Le Procureur général du régime iranien s’est déclaré de plus en plus préoccupé par l’utilisation des médias sociaux par la population et a parlé d’augmentation des « cyber-crimes et des péchés », lors d’un entretien avec l’agence de presse Fars affiliée aux Gardiens de la révolution (pasdaran).

Mohammad Jafar Montazeri a déclaré : « Pourquoi devrions-nous être témoins de tant de crimes et de péchés dans notre société ? Les chiffres sont alarmants et cela devrait être un avertissement pour nos responsables. Mon message s’adresse à ceux qui peuvent nettoyer [les médias sociaux], même si c’est 50 pourcent en moins. Rien qu’au cours des dix derniers mois, la cybercriminalité et la criminalité informatique ont augmenté de 140 pourcent. »

Ces propos pourraient facilement être le précurseur d’une nouvelle vague de répressions et de censures contre le peuple iranien, comme cela s’est produit au début de 2018 lors des manifestations nationales anti-régime.

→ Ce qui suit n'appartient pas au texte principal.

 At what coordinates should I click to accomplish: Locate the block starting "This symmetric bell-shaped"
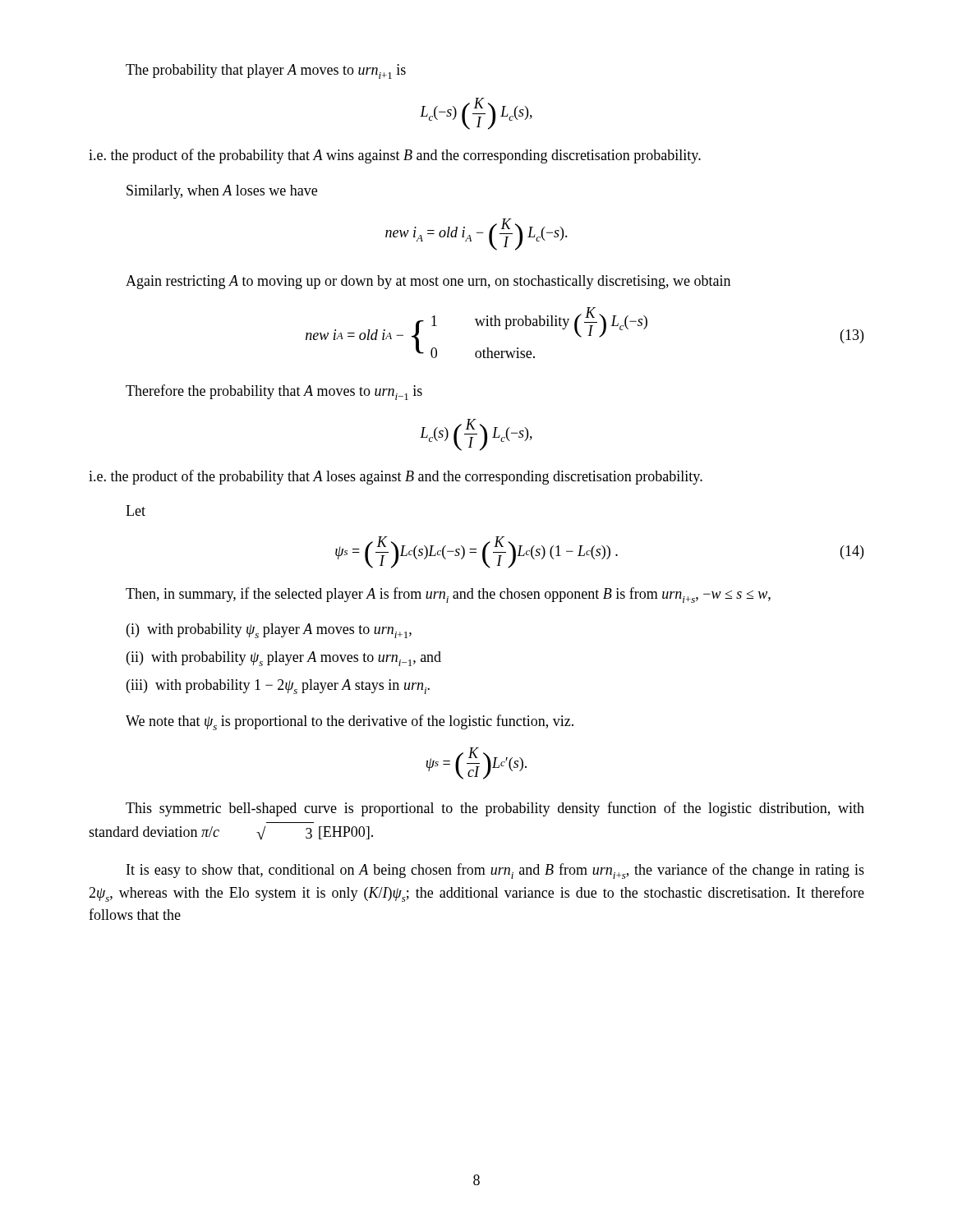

Montazeri s’est déchaîné contre les applications de messagerie fournies par les plateformes de médias sociaux, les qualifiant de « scandaleuses ».

Javeed-Nia a déclaré : « Ceux qui se soucient de notre situation doivent lancer une campagne médiatique contre l’ennemi, identifier ses forces et ses faiblesses, et faire une analyse adéquate. »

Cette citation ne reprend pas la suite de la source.